The use of percentiles and percentile rank classes in the analysis of bibliometric data: Opportunities and limits (1211.0381v1)

Published 2 Nov 2012 in cs.DL and stat.AP

Abstract: Percentiles have been established in bibliometrics as an important alternative to mean-based indicators for obtaining a normalized citation impact of publications. Percentiles have a number of advantages over standard bibliometric indicators used frequently: for example, their calculation is not based on the arithmetic mean which should not be used for skewed bibliometric data. This study describes the opportunities and limits and the advantages and disadvantages of using percentiles in bibliometrics. We also address problems in the calculation of percentiles and percentile rank classes for which there is not (yet) a satisfactory solution. It will be hard to compare the results of different percentile-based studies with each other unless it is clear that the studies were done with the same choices for percentile calculation and rank assignment.

Citations (179)

View on Semantic Scholar

Summary

The paper proposes using percentiles and percentile rank classes (PRs) as robust alternatives to mean-based indicators for analyzing skewed bibliometric citation data.
Percentiles are calculated using methods like Hazen's or Gringorten's and grouped into PR schemes (e.g., PR(2,10)) to enhance the interpretability of citation impact.
Adopting percentile-based analysis can lead to more equitable research assessments, but challenges remain with citation tie-ins, necessitating further standardization of methods.
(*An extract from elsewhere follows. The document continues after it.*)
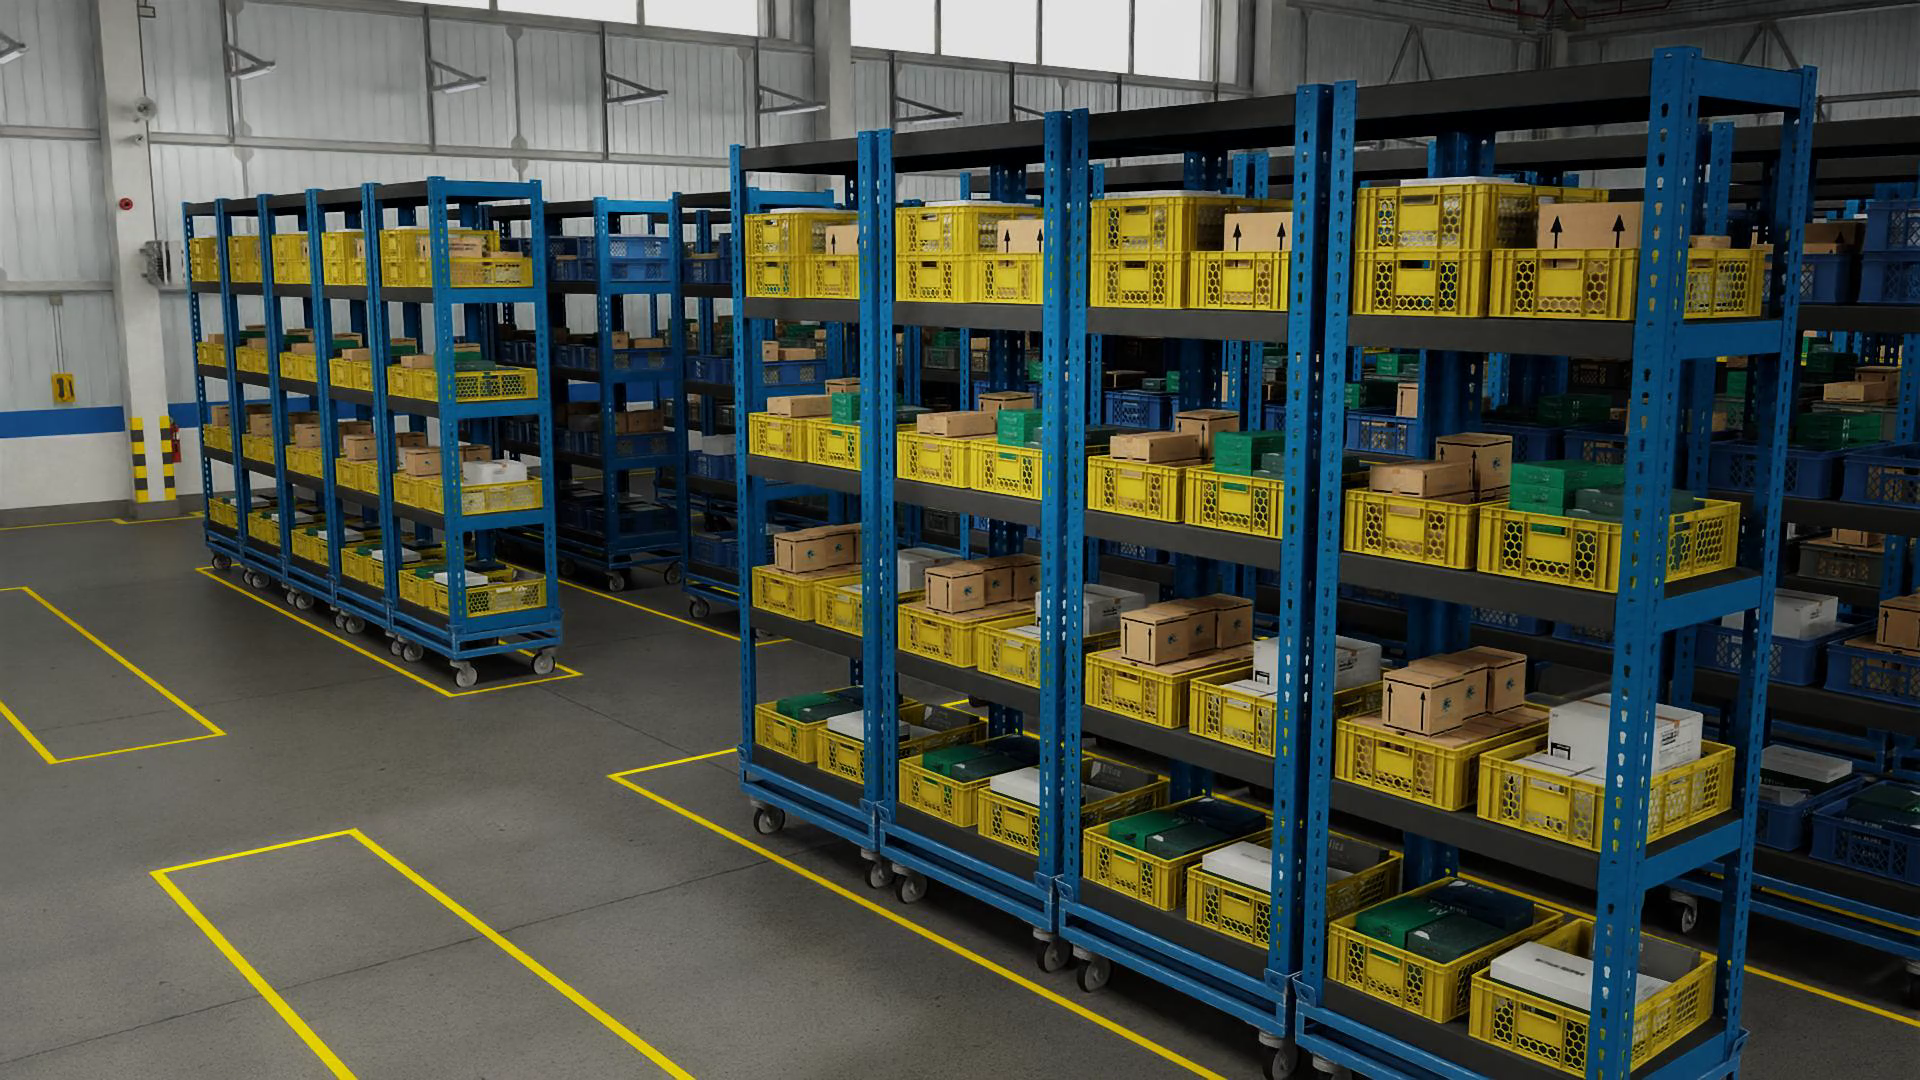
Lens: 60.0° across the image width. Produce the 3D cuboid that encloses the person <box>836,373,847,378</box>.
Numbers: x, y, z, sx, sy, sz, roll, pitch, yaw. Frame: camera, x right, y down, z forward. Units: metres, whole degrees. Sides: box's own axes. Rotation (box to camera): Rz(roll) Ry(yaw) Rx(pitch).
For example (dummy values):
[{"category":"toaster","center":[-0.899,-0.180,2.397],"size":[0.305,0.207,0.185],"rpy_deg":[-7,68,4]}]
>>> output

The Use of Percentiles and Percentile Rank Classes in the Analysis of Bibliometric Data: Opportunities and Limits

This paper explores the application of percentiles and percentile rank classes (PRs) to bibliometric data, with a focus on normalizing citation impacts as an alternative to mean-based indicators. Notably, percentiles offer an advantage for skewed bibliometric data distributions, mitigating the influence of outliers compared to arithmetic means.

Reference Sets and Normalization

The authors highlight the utility of reference sets in bibliometric analysis, which allow for normalization across various factors influencing citation impact, including subject categories, publication year, and document type. It is noted that traditional arithmetic mean-based indicators like the Mean Observed Citation Rate (MOCR) and the Mean Expected Citation Rate (MECR) can be skewed by highly cited publications. The paper critiques these methods and suggests that nonparametric statistics such as percentiles could overcome the bias inherent in mean calculations.

Calculation and Application of Percentiles

Percentiles are proposed as a robust measure because they are less affected by extreme values and do not assume a normative data distribution. The paper thoroughly discusses various methodologies for calculating percentiles, including Hazen's compromise and Gringorten's method. These calculations are foundational for categorizing publications into meaningful citation impact classes.

The paper illustrates percentile application through visual representations, such as violin and box plots, which demonstrate citation impact across different universities. These plots underscore disparities in institutional citation performance, highlighting how percentile-based rankings reveal more nuanced distinctions than mean-based metrics.

Assigning Percentiles to Rank Classes

The assignment of percentiles into percentile rank classes is explored as an approach to enhance interpretability of citation metrics. The paper outlines common PR schemes, such as PR(2, 10) and PR(6), which categorize publications based on citation percentiles. Each scheme serves as a convention for evaluating citation impact differences across institutions or researchers.

However, the paper points out challenges, such as the uncertainty in assigning publications with tied citation counts to discrete classes. Several proposed solutions, such as fractional assignments, are analyzed for their practicality and implications on data interpretation.

Implications and Future Directions

The application of percentiles presents significant implications for bibliometric research, offering a more precise tool for incomparably evaluating scholarly impact across various contexts. Theoretical implications include a shift away from mean-based measures towards more distribution-sensitive analyses. Practically, this can refine institutional rankings and research assessments, potentially influencing funding and resource allocation.

Despite its promise, the paper acknowledges unresolved issues with percentile calculations and PR assignments, particularly in cases of citation tie-ins. Further research is encouraged to establish standard methodologies and address these nuances, which could enhance the comparability of percentile-based studies.

In conclusion, this paper demonstrates the potential of percentiles and PRs as robust, alternative bibliometric indicators. Their adoption could lead to more equitable and accurate assessments of research impact, provided standardization of calculation methods and assignment criteria are established through future investigations.